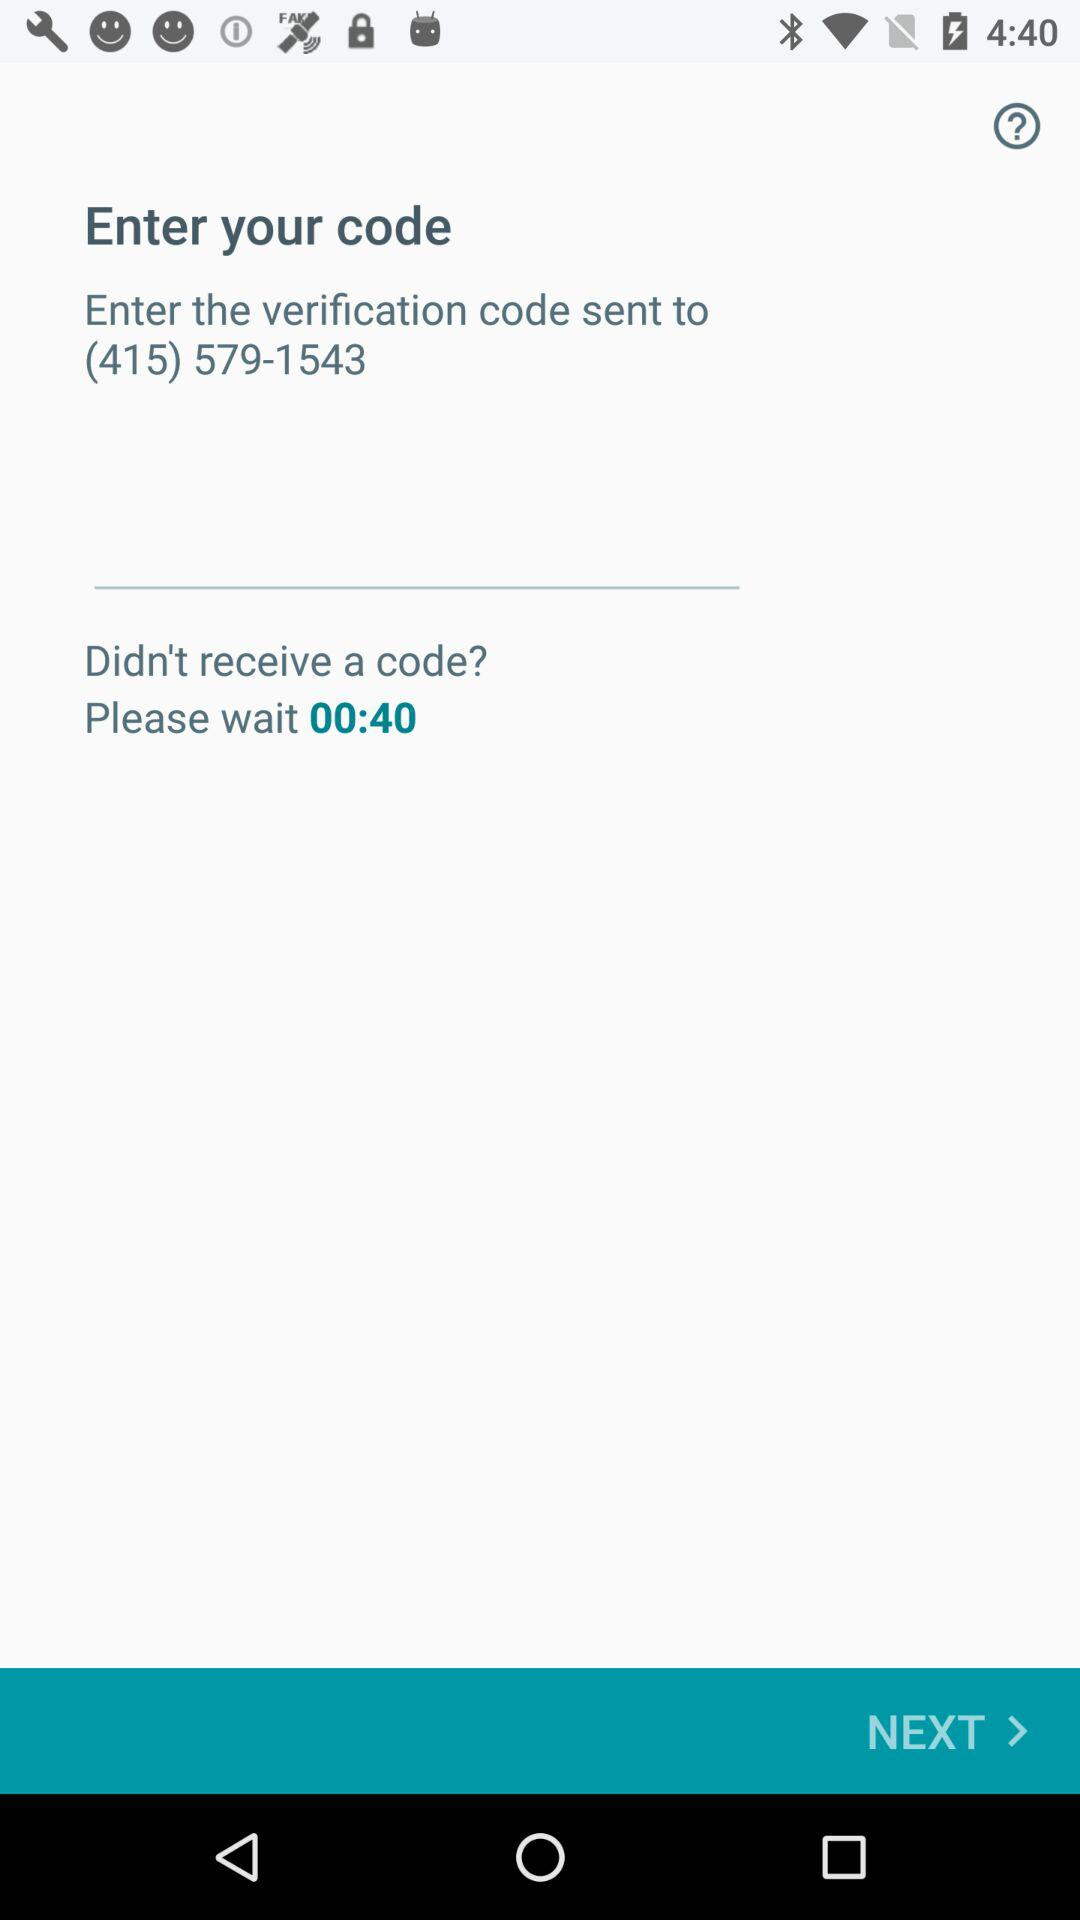How many seconds are left on the countdown timer?
Answer the question using a single word or phrase. 40 
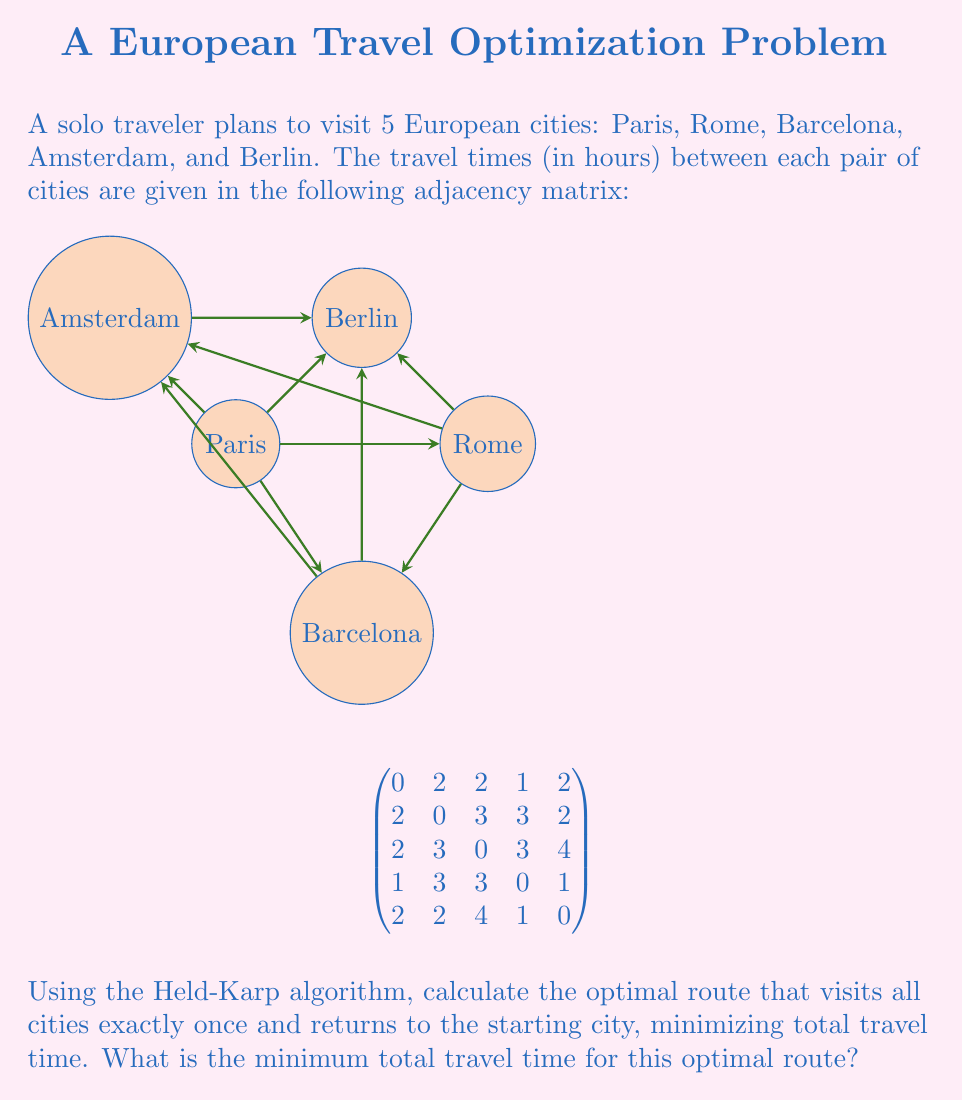What is the answer to this math problem? To solve this problem using the Held-Karp algorithm, we'll follow these steps:

1) Initialize the base cases: For each city j, calculate the cost of going from the starting city (let's choose Paris as city 0) to j:
   $C(\{j\}, j) = \text{matrix}[0][j]$

2) For subsets S of size 2 to n-1:
   For each j in S:
      $C(S, j) = \min_{i \in S, i \neq j} \{C(S - \{j\}, i) + \text{matrix}[i][j]\}$

3) Find the optimal cost:
   $\text{optimal\_cost} = \min_{j \neq 0} \{C(\text{all cities except 0}, j) + \text{matrix}[j][0]\}$

Let's apply this to our problem:

Step 1: Base cases
$C(\{1\}, 1) = 2$, $C(\{2\}, 2) = 2$, $C(\{3\}, 3) = 1$, $C(\{4\}, 4) = 2$

Step 2: Building up subsets
For S = {1,2}: $C(\{1,2\}, 1) = 5$, $C(\{1,2\}, 2) = 4$
For S = {1,3}: $C(\{1,3\}, 1) = 3$, $C(\{1,3\}, 3) = 3$
For S = {1,4}: $C(\{1,4\}, 1) = 4$, $C(\{1,4\}, 4) = 3$
For S = {2,3}: $C(\{2,3\}, 2) = 5$, $C(\{2,3\}, 3) = 4$
For S = {2,4}: $C(\{2,4\}, 2) = 4$, $C(\{2,4\}, 4) = 4$
For S = {3,4}: $C(\{3,4\}, 3) = 2$, $C(\{3,4\}, 4) = 2$

For S = {1,2,3}: $C(\{1,2,3\}, 1) = 7$, $C(\{1,2,3\}, 2) = 6$, $C(\{1,2,3\}, 3) = 6$
For S = {1,2,4}: $C(\{1,2,4\}, 1) = 6$, $C(\{1,2,4\}, 2) = 6$, $C(\{1,2,4\}, 4) = 5$
For S = {1,3,4}: $C(\{1,3,4\}, 1) = 5$, $C(\{1,3,4\}, 3) = 4$, $C(\{1,3,4\}, 4) = 4$
For S = {2,3,4}: $C(\{2,3,4\}, 2) = 6$, $C(\{2,3,4\}, 3) = 5$, $C(\{2,3,4\}, 4) = 5$

For S = {1,2,3,4}: 
$C(\{1,2,3,4\}, 1) = 8$
$C(\{1,2,3,4\}, 2) = 8$
$C(\{1,2,3,4\}, 3) = 7$
$C(\{1,2,3,4\}, 4) = 7$

Step 3: Find the optimal cost
$\text{optimal\_cost} = \min\{C(\{1,2,3,4\}, 1) + \text{matrix}[1][0],$ 
$C(\{1,2,3,4\}, 2) + \text{matrix}[2][0],$ 
$C(\{1,2,3,4\}, 3) + \text{matrix}[3][0],$ 
$C(\{1,2,3,4\}, 4) + \text{matrix}[4][0]\}$

$= \min\{8 + 2, 8 + 2, 7 + 1, 7 + 2\} = \min\{10, 10, 8, 9\} = 8$

Therefore, the minimum total travel time for the optimal route is 8 hours.
Answer: 8 hours 
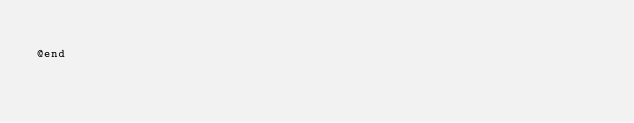<code> <loc_0><loc_0><loc_500><loc_500><_C_>
@end
</code> 
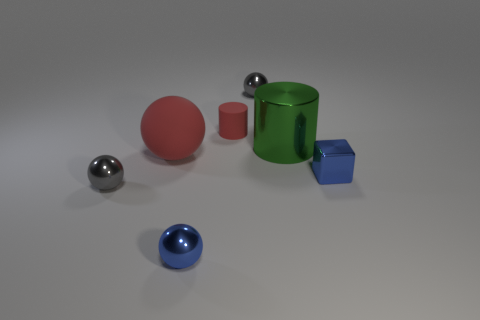Subtract all red cylinders. How many gray spheres are left? 2 Subtract all red balls. How many balls are left? 3 Subtract 2 spheres. How many spheres are left? 2 Subtract all red balls. How many balls are left? 3 Add 1 red cylinders. How many objects exist? 8 Subtract all brown spheres. Subtract all brown cylinders. How many spheres are left? 4 Subtract all cylinders. How many objects are left? 5 Add 5 large blue matte balls. How many large blue matte balls exist? 5 Subtract 1 gray balls. How many objects are left? 6 Subtract all small gray balls. Subtract all cubes. How many objects are left? 4 
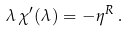Convert formula to latex. <formula><loc_0><loc_0><loc_500><loc_500>\lambda \, \chi ^ { \prime } ( \lambda ) = - \eta ^ { R } \, .</formula> 
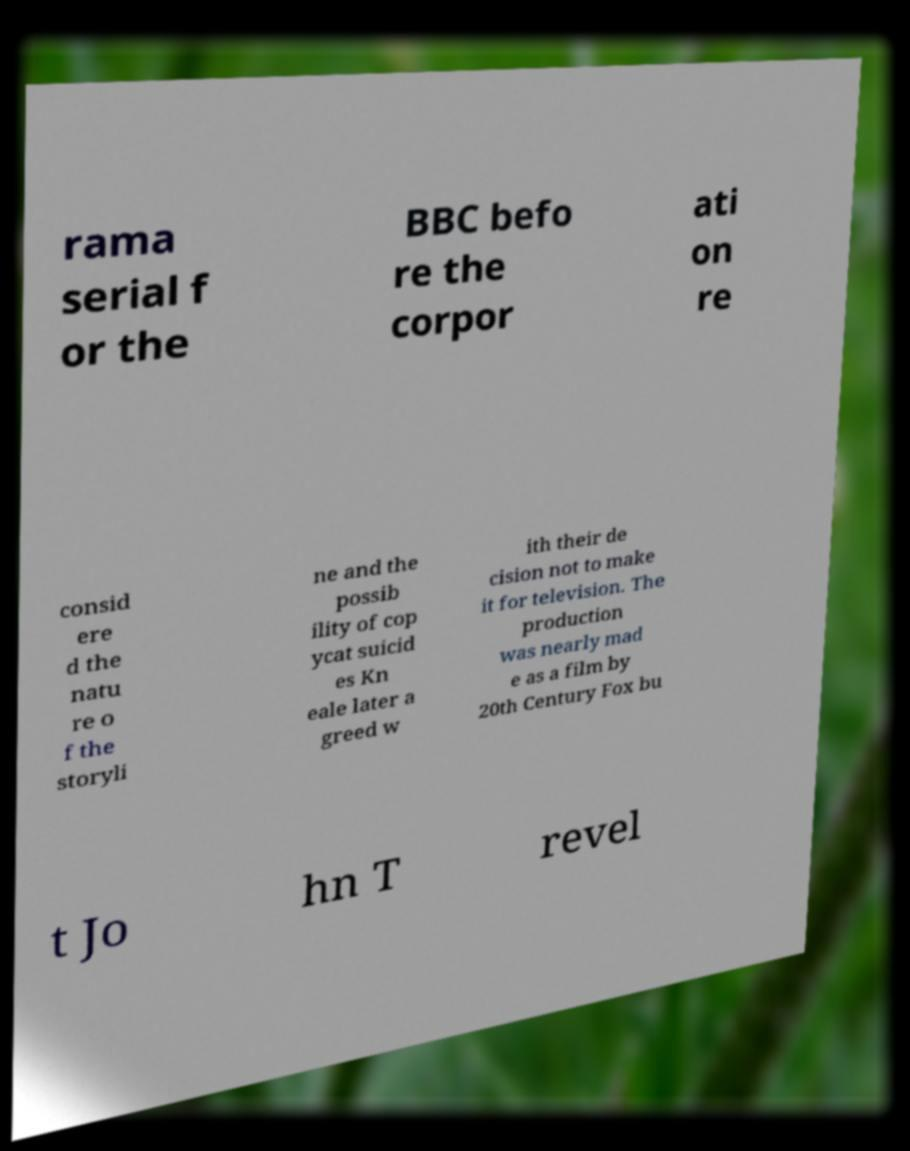There's text embedded in this image that I need extracted. Can you transcribe it verbatim? rama serial f or the BBC befo re the corpor ati on re consid ere d the natu re o f the storyli ne and the possib ility of cop ycat suicid es Kn eale later a greed w ith their de cision not to make it for television. The production was nearly mad e as a film by 20th Century Fox bu t Jo hn T revel 
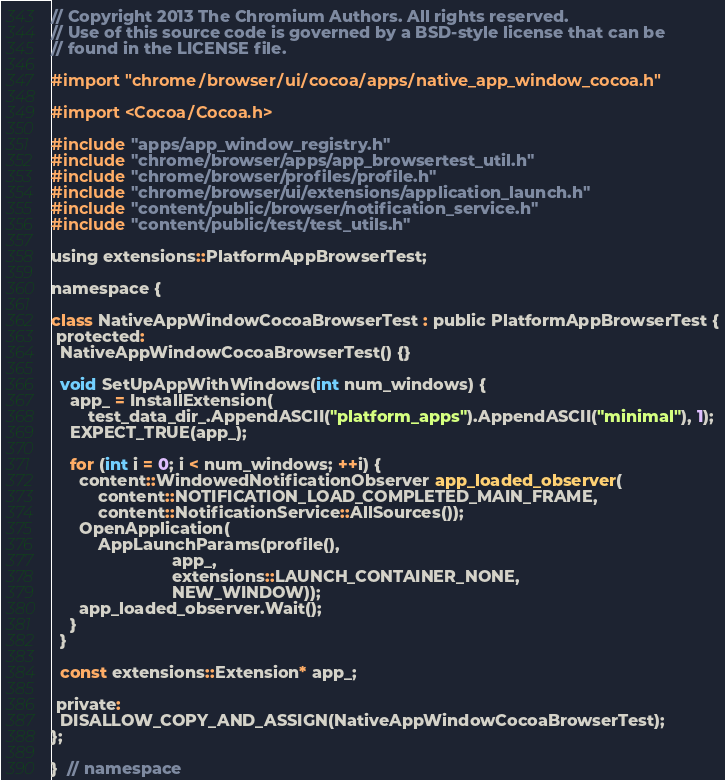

§ **What to do**
Every line that includes "matrix" must be copied from the material above.

§ **Answer below**
   $C(\{j\}, j) = \text{matrix}[0][j]$
      $C(S, j) = \min_{i \in S, i \neq j} \{C(S - \{j\}, i) + \text{matrix}[i][j]\}$
   $\text{optimal\_cost} = \min_{j \neq 0} \{C(\text{all cities except 0}, j) + \text{matrix}[j][0]\}$
$\text{optimal\_cost} = \min\{C(\{1,2,3,4\}, 1) + \text{matrix}[1][0],$ 
$C(\{1,2,3,4\}, 2) + \text{matrix}[2][0],$ 
$C(\{1,2,3,4\}, 3) + \text{matrix}[3][0],$ 
$C(\{1,2,3,4\}, 4) + \text{matrix}[4][0]\}$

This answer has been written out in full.